Seaweed is popular not only for its unique and delicious taste but also for the many health benefits it offers. But does dried seaweed retain all of its nutrients? This article will help you find out.
1. Seaweed
Seaweed has been used as both food and medicine for centuries, with various types ranging from larger kelp to smaller varieties. Today, seaweed is even more commonly used, especially in the cuisine of Asian cultures and coastal regions. It is typically available in dried form or with added special flavors. Eating seaweed also provides a range of valuable nutrients, making dishes healthier.
Dried seaweed undergoes a process of harvesting, processing, cleaning, and preparation following food safety standards to ensure the health of consumers.
2. Nutrients in dried seaweed
Dried seaweed contains many beneficial nutrients for health, such as carbohydrates, fiber, vitamins A, C, B2, and minerals.
Most of the calories in this seaweed come from carbohydrates, with 3g per serving. However, you will need more than that in your meal plan, so consider using seaweed with a food that contains healthy carbohydrates, such as rice, to meet your daily needs of 225 to 325 grams. This way, you will also consume 1g of protein, which is equivalent to 1.7 to 2.1% of your ideal intake.
2.1. Dried seaweed contains a high amount of sodium.
Is dried seaweed beneficial?
Dried seaweed contains 312 mg of sodium per serving. For a healthy person, up to 2,300 mg of sodium can be consumed, which accounts for 13.5% of the daily sodium intake. However, if you have high blood pressure or heart disease – or are at risk of developing heart disease – it is recommended to limit your sodium intake to 1,500 mg.
Seaweed naturally contains a high amount of sodium, so if you have high blood pressure, it’s advisable to avoid eating seaweed or consult with your doctor before adding it to your diet to reap the full benefits of dried seaweed. Because it easily absorbs all kinds of minerals, seaweed can be contaminated with harmful heavy metals. To avoid consuming contaminated seaweed, choose seaweed that is guaranteed to be harvested from non-polluted seas.
2.2. Dried seaweed contains a very high amount of iodine.
Eating one serving of dried seaweed provides 6,720% of the recommended daily intake of iodine. While your body needs sufficient iodine for healthy thyroid function, too much can be harmful. Consuming one serving of seaweed occasionally will not harm your health, but eating too much of this food regularly can lead to the development of thyroid-related diseases or worsen existing thyroid conditions. If you or a family member has a thyroid condition, you should consult a doctor about the necessary daily iodine intake.
2.3. Dried seaweed also contains other nutrients.
Including dried seaweed in your diet provides a good source of vitamin B-6, providing 30% of the daily recommended intake; this vitamin is crucial for brain health and function. This food also provides 22% of the potassium and 17% of the iron your body needs daily.
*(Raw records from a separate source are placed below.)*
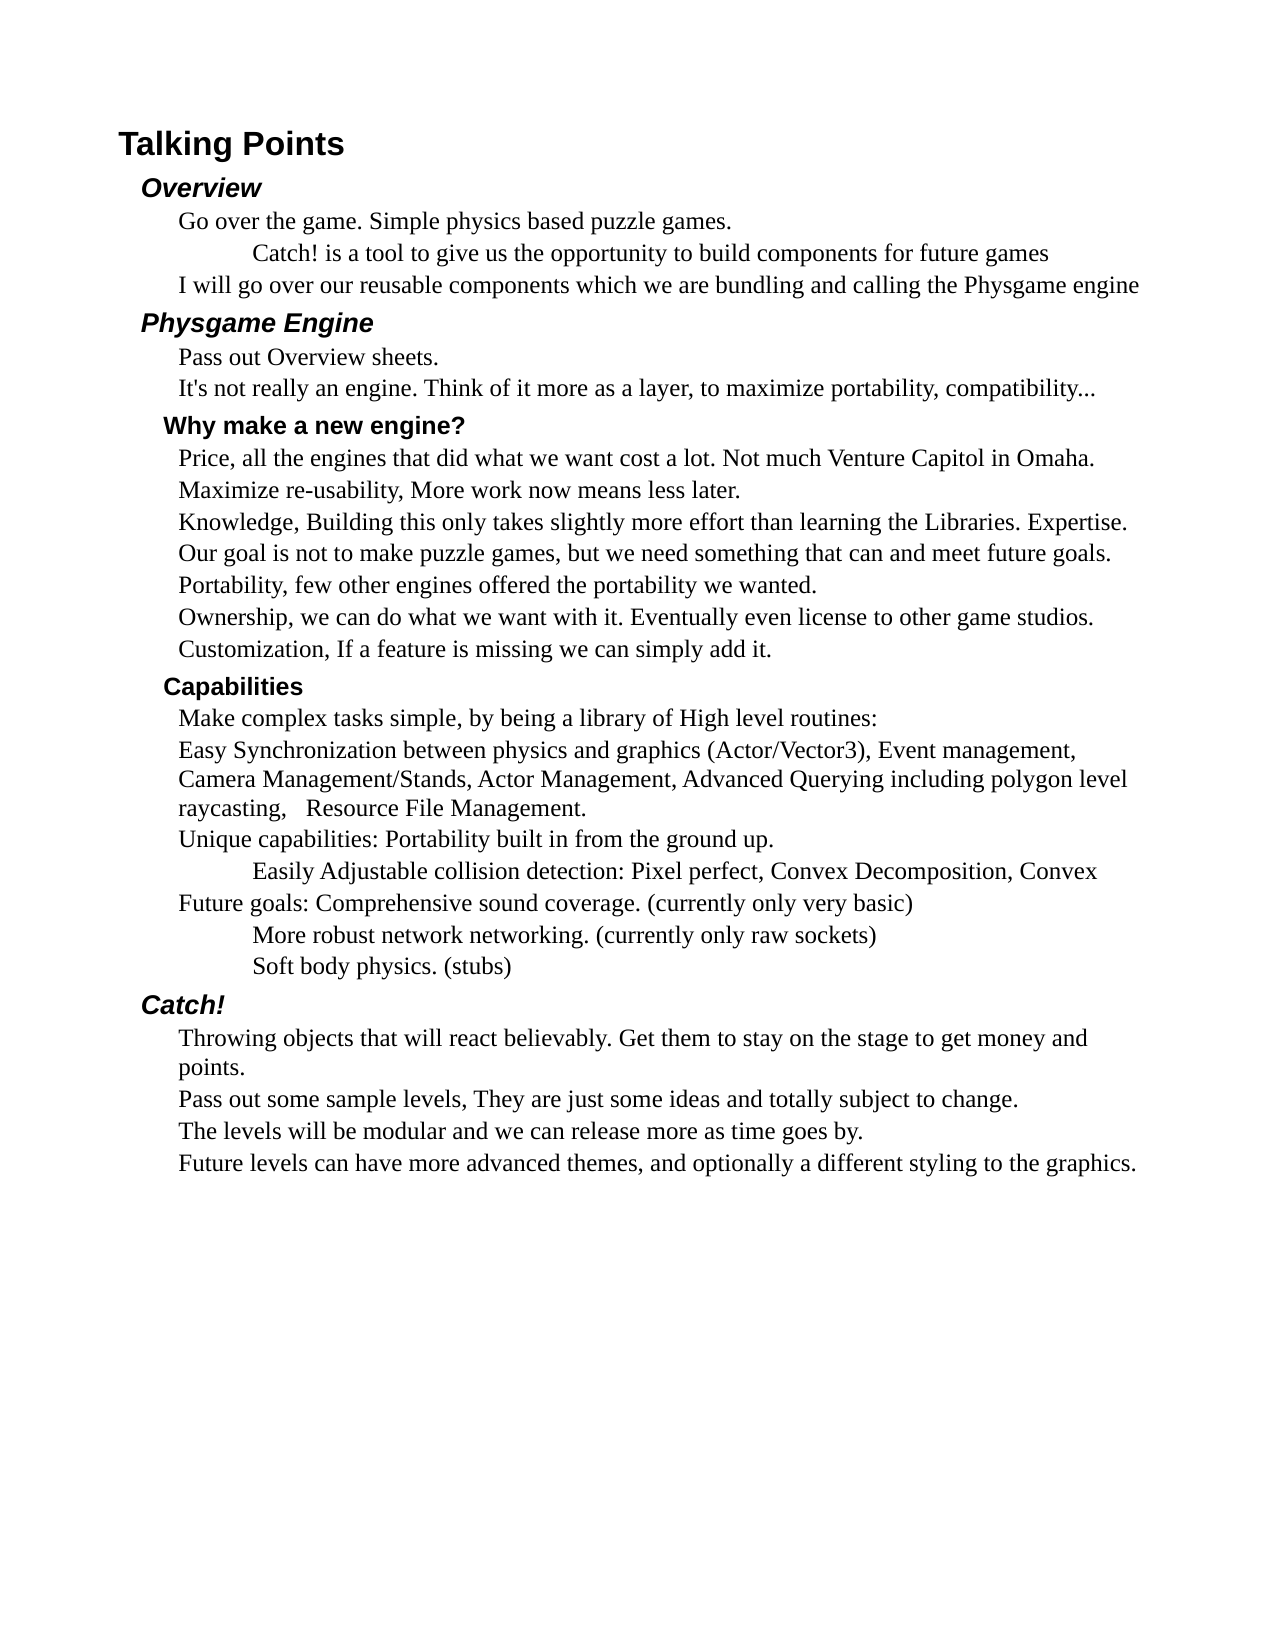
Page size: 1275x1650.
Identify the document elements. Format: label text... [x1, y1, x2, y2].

text Go over the game. Simple physics based puzzle games. [178, 206, 1157, 235]
text Knowledge, Building this only takes slightly more effort than learning the Libraries. Expertise. [178, 507, 1157, 535]
text Future goals: Comprehensive sound coverage. (currently only very basic) [178, 888, 1157, 917]
text Soft body physics. (stubs) [178, 951, 1157, 980]
text Easily Adjustable collision detection: Pixel perfect, Convex Decomposition, Convex [178, 856, 1157, 885]
text Unique capabilities: Portability built in from the ground up. [178, 824, 1157, 853]
text The levels will be modular and we can release more as time goes by. [178, 1116, 1157, 1144]
text Future levels can have more advanced themes, and optionally a different styling to the graphics. [178, 1148, 1157, 1176]
text Make complex tasks simple, by being a library of High level routines: [178, 703, 1157, 732]
subtitle Why make a new engine? [163, 411, 1157, 440]
text Customization, If a feature is missing we can simply add it. [178, 634, 1157, 662]
text Price, all the engines that did what we want cost a lot. Not much Venture Capitol in Omaha. [178, 443, 1157, 472]
text It's not really an engine. Think of it more as a layer, to maximize portability, compatibility... [178, 373, 1157, 402]
subtitle Talking Points [118, 124, 1157, 163]
text Pass out Overview sheets. [178, 342, 1157, 371]
subtitle Catch! [141, 989, 1157, 1021]
text Portability, few other engines offered the portability we wanted. [178, 570, 1157, 599]
text I will go over our reusable components which we are bundling and calling the Physgame engine [178, 270, 1157, 298]
text Ownership, we can do what we want with it. Eventually even license to other game studios. [178, 602, 1157, 631]
text More robust network networking. (currently only raw sockets) [178, 920, 1157, 948]
text Pass out some sample levels, They are just some ideas and totally subject to change. [178, 1084, 1157, 1113]
subtitle Capabilities [163, 672, 1157, 700]
subtitle Overview [141, 172, 1157, 203]
text Throwing objects that will react believably. Get them to stay on the stage to get money and points. [178, 1023, 1157, 1081]
text Maximize re-usability, More work now means less later. [178, 475, 1157, 504]
text Catch! is a tool to give us the opportunity to build components for future games [178, 238, 1157, 267]
subtitle Physgame Engine [141, 307, 1157, 339]
text Easy Synchronization between physics and graphics (Actor/Vector3), Event management, Camera Management/Stands, Actor Management, Advanced Querying including polygon level raycasting, Resource File Management. [178, 735, 1157, 821]
text Our goal is not to make puzzle games, but we need something that can and meet future goals. [178, 538, 1157, 567]
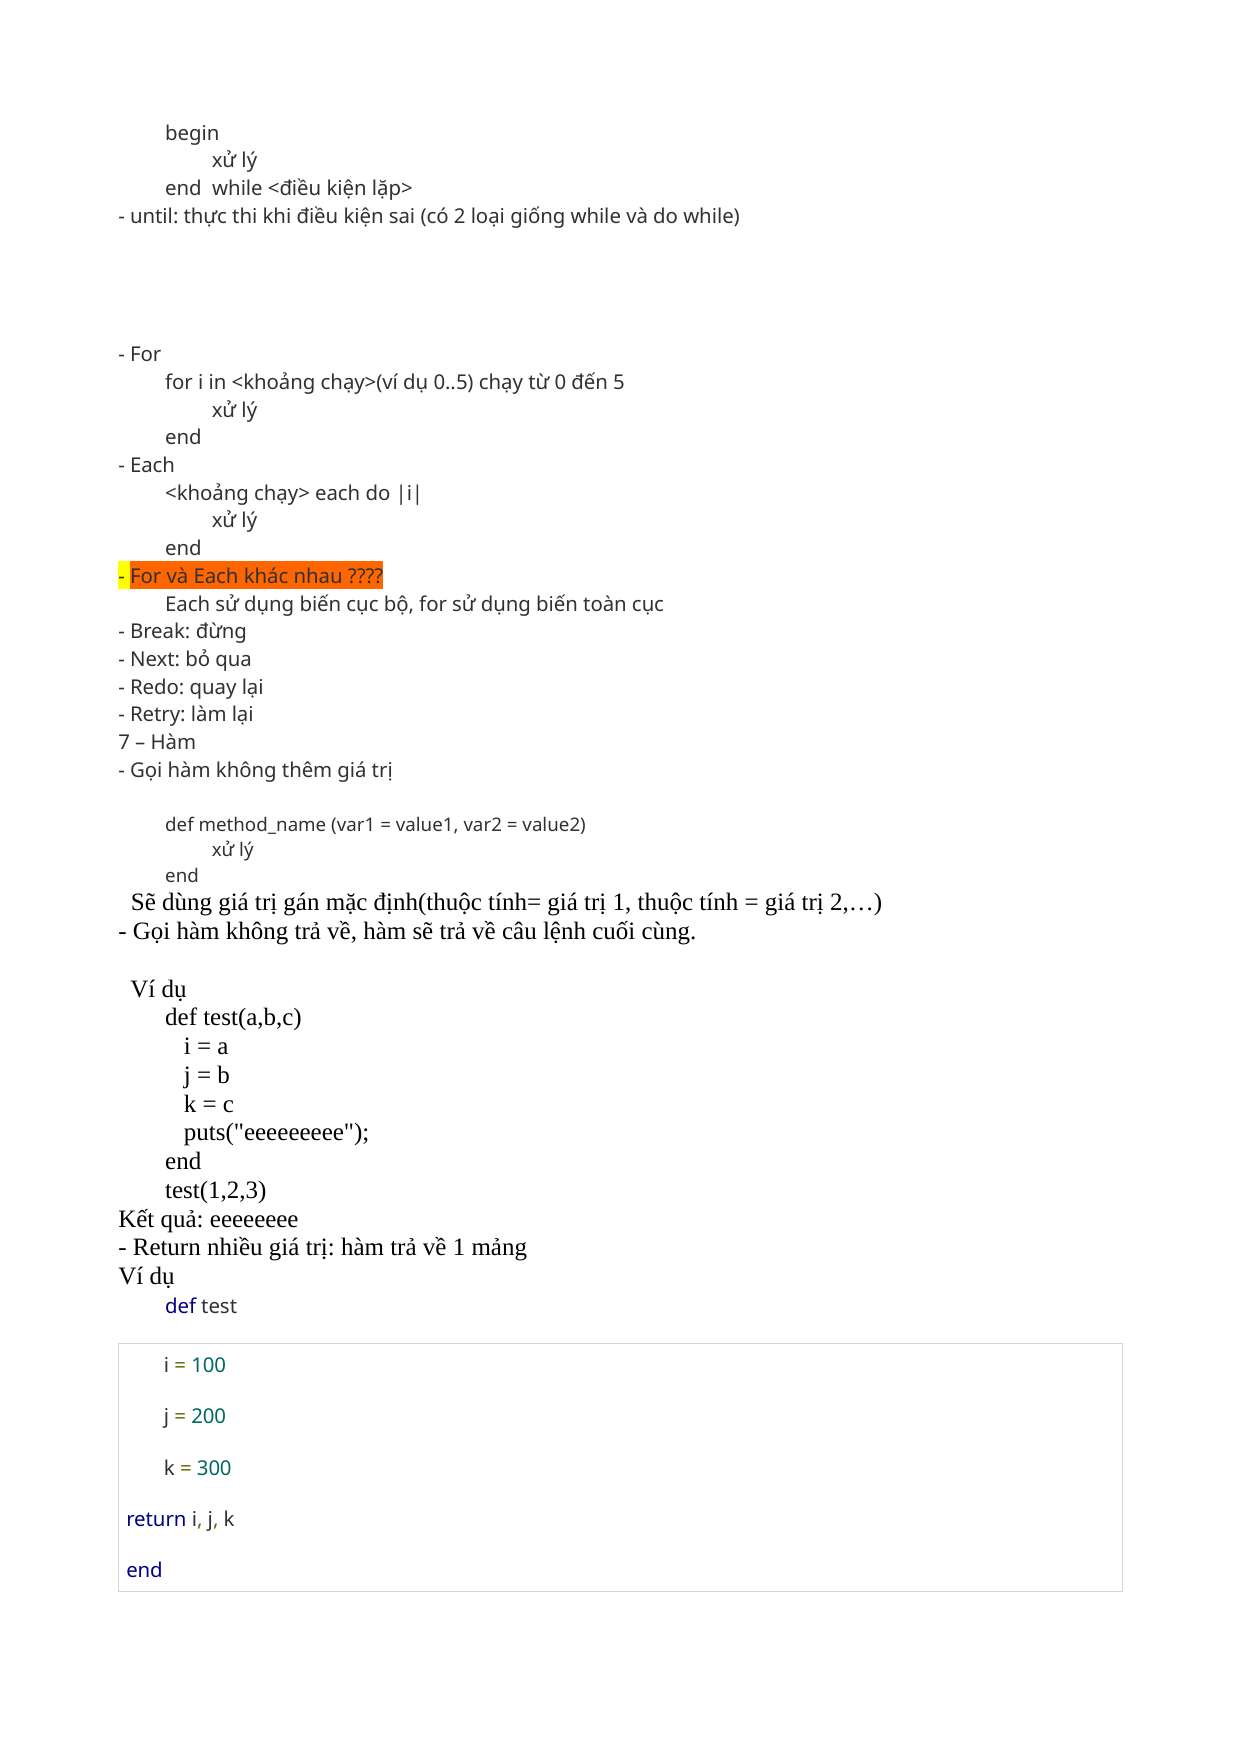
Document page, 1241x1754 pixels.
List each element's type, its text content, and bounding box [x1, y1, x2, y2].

text Ví dụ [118, 1261, 1122, 1290]
text Sẽ dùng giá trị gán mặc định(thuộc tính= giá trị 1, thuộc tính = giá trị 2,…) [118, 887, 1122, 916]
text test(1,2,3) [118, 1175, 1122, 1204]
text - Redo: quay lại [118, 672, 1122, 700]
text 7 – Hàm [118, 728, 1122, 755]
text Ví dụ [118, 974, 1122, 1002]
text j = 200 [119, 1394, 1122, 1430]
text def test(a,b,c) [118, 1002, 1122, 1031]
text - Retry: làm lại [118, 700, 1122, 728]
text i = a [118, 1031, 1122, 1060]
text - For và Each khác nhau ???? [118, 561, 1122, 589]
text - until: thực thi khi điều kiện sai (có 2 loại giống while và do while) [118, 201, 1122, 229]
text - Gọi hàm không trả về, hàm sẽ trả về câu lệnh cuối cùng. [118, 916, 1122, 945]
text xử lý [118, 395, 1122, 423]
text j = b [118, 1060, 1122, 1089]
text - Each [118, 451, 1122, 478]
text def test [118, 1290, 1122, 1319]
text puts("eeeeeeeee"); [118, 1117, 1122, 1146]
text xử lý [118, 506, 1122, 534]
text begin [118, 118, 1122, 146]
text - Next: bỏ qua [118, 644, 1122, 672]
text - Gọi hàm không thêm giá trị [118, 755, 1122, 783]
text end while <điều kiện lặp> [118, 173, 1122, 201]
text xử lý [118, 146, 1122, 173]
text Each sử dụng biến cục bộ, for sử dụng biến toàn cục [118, 589, 1122, 617]
text def method_name (var1 = value1, var2 = value2) [118, 811, 1122, 836]
text Kết quả: eeeeeeee [118, 1204, 1122, 1232]
text end [119, 1548, 1122, 1591]
text xử lý [118, 836, 1122, 862]
text - Return nhiều giá trị: hàm trả về 1 mảng [118, 1232, 1122, 1261]
text end [118, 534, 1122, 561]
text - For [118, 340, 1122, 367]
text return i, j, k [119, 1497, 1122, 1533]
text for i in <khoảng chạy>(ví dụ 0..5) chạy từ 0 đến 5 [118, 367, 1122, 395]
text k = 300 [119, 1446, 1122, 1481]
text end [118, 1146, 1122, 1175]
text k = c [118, 1089, 1122, 1117]
text <khoảng chạy> each do |i| [118, 478, 1122, 506]
text end [118, 423, 1122, 451]
text - Break: đừng [118, 617, 1122, 644]
text i = 100 [119, 1344, 1122, 1378]
text end [118, 862, 1122, 887]

Additionally, dried seaweed helps supplement small amounts of calcium, magnesium, phosphorus, zinc, copper, vitamin A, thiamine, riboflavin, vitamin E, niacin, and vitamin B-12.
2.4. Antioxidants in seaweed
Dried seaweed contains antioxidants that may be beneficial for your health. A study published in a food journal found that dried seaweed provides more antioxidants than heat-processed seaweed. Antioxidants help protect every cell in the body from damage caused by free radicals and other environmental stresses.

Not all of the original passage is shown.